Détection par excitons
A l'aide d'une astuce, les physiciens ont réussi à rendre visible la disposition régulière des électrons malgré cette petite séparation dans le réseau cristallin. Faire cela, ils utilisaient une lumière d'une fréquence particulière pour exciter ce qu'on appelle des excitons dans la couche semi-conductrice. Les excitons sont des paires d'électrons et de « trous » qui résultent d'un électron manquant dans un niveau d'énergie du matériau. La fréquence précise de la lumière pour la création de ces excitons et la vitesse à laquelle ils se déplacent dépendent à la fois des propriétés du matériau et de l'interaction avec d'autres électrons dans le matériau - avec un cristal de Wigner, par exemple.
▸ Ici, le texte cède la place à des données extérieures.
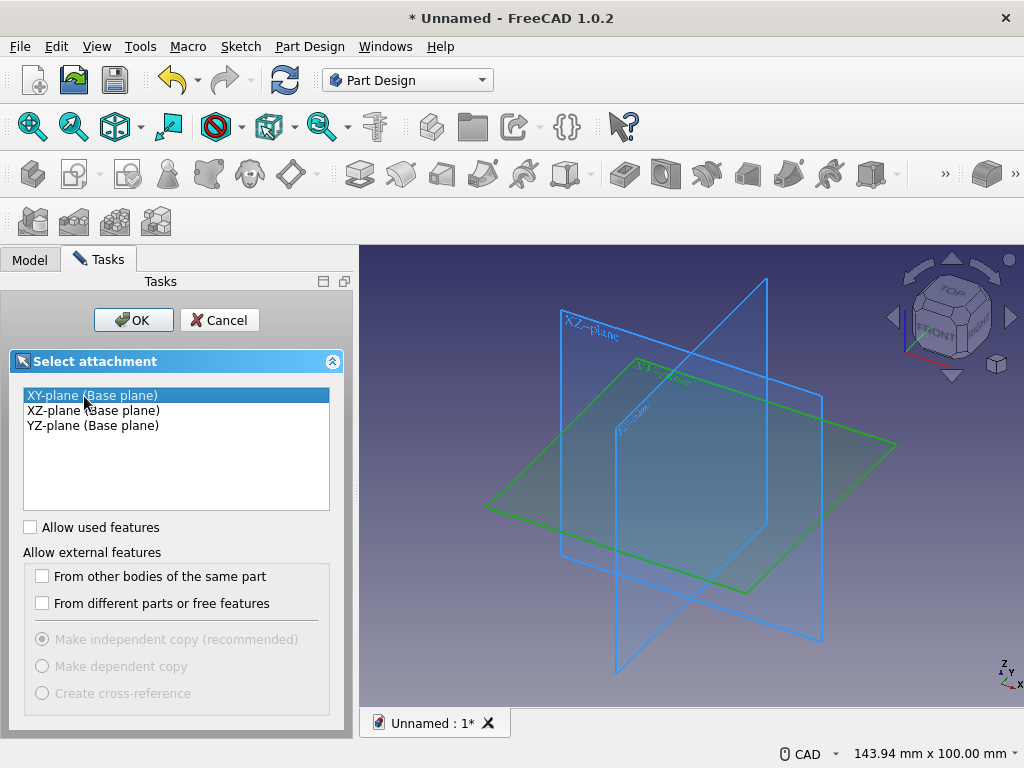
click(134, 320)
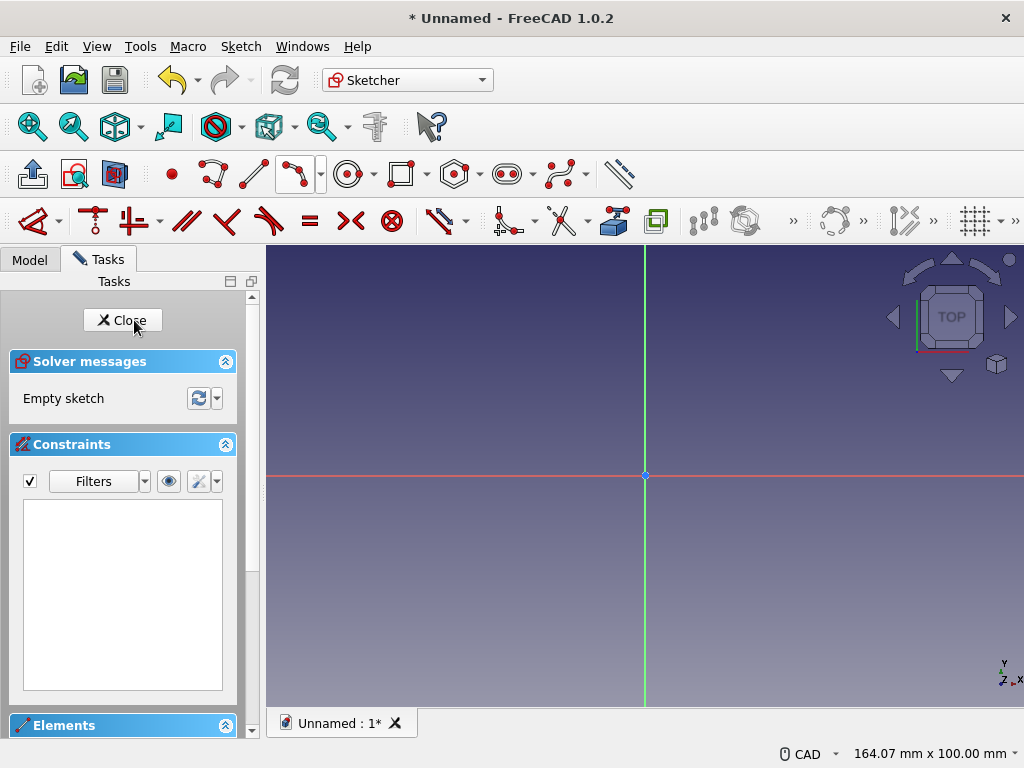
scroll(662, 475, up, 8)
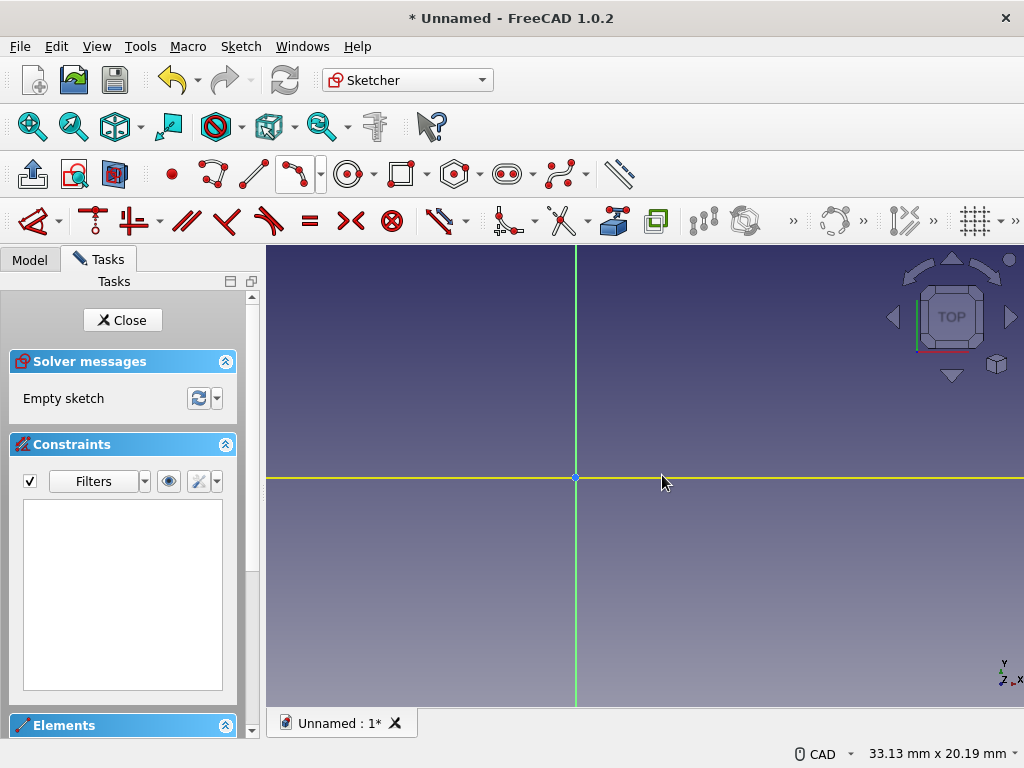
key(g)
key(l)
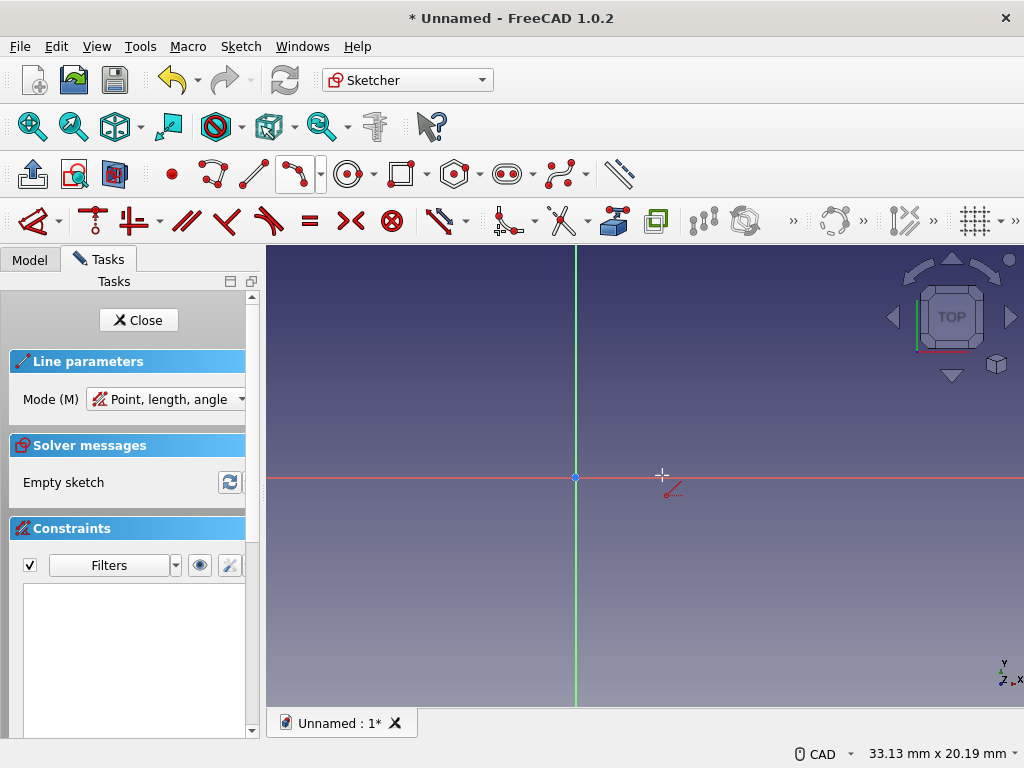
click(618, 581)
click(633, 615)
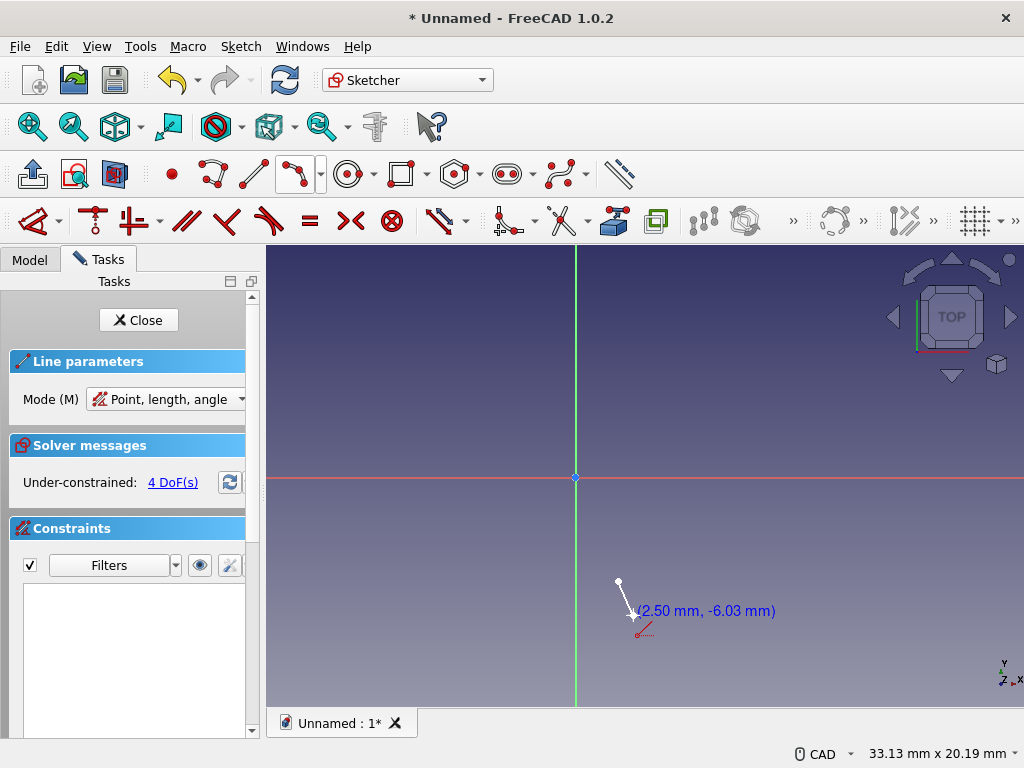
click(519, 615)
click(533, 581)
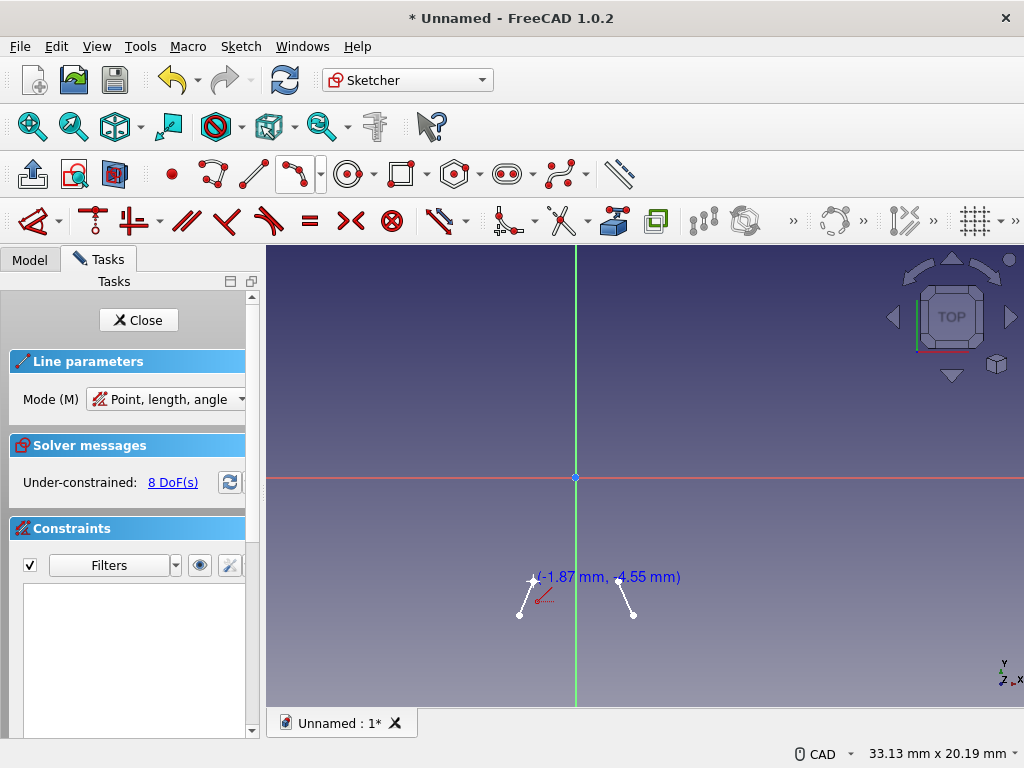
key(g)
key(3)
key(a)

L'arrangement périodique des électrons dans le cristal donne lieu à un effet que l'on peut parfois voir à la télévision. Quand un vélo ou une voiture va de plus en plus vite, au-dessus d'une certaine vitesse, les roues semblent s'arrêter puis tourner en sens inverse. En effet, la caméra prend un instantané de la roue toutes les 40 millisecondes. Si pendant ce temps les rayons régulièrement espacés de la roue se sont déplacés exactement de la distance entre les rayons, la roue semble ne plus tourner. De la même manière, en présence d'un cristal de Wigner, les excitons en mouvement semblent stationnaires à condition qu'ils se déplacent à une certaine vitesse déterminée par la séparation des électrons dans le réseau cristallin.
Première observation directe
"Un groupe de physiciens théoriciens dirigé par Eugene Demler de l'Université Harvard, qui déménage à l'ETH cette année, avait calculé théoriquement comment cet effet devrait apparaître dans les fréquences d'excitation observées des excitons - et c'est exactement ce que nous avons observé en laboratoire, " dit Imamoğlu. Contrairement aux expériences précédentes basées sur des semi-conducteurs planaires, dans lequel les cristaux de Wigner ont été observés indirectement par des mesures de courant, c'est une confirmation directe de l'arrangement régulier des électrons dans le cristal. À l'avenir, avec leur nouvelle méthode, Imamoğlu et ses collègues espèrent étudier exactement comment les cristaux de Wigner se forment à partir d'un « liquide » désordonné d'électrons.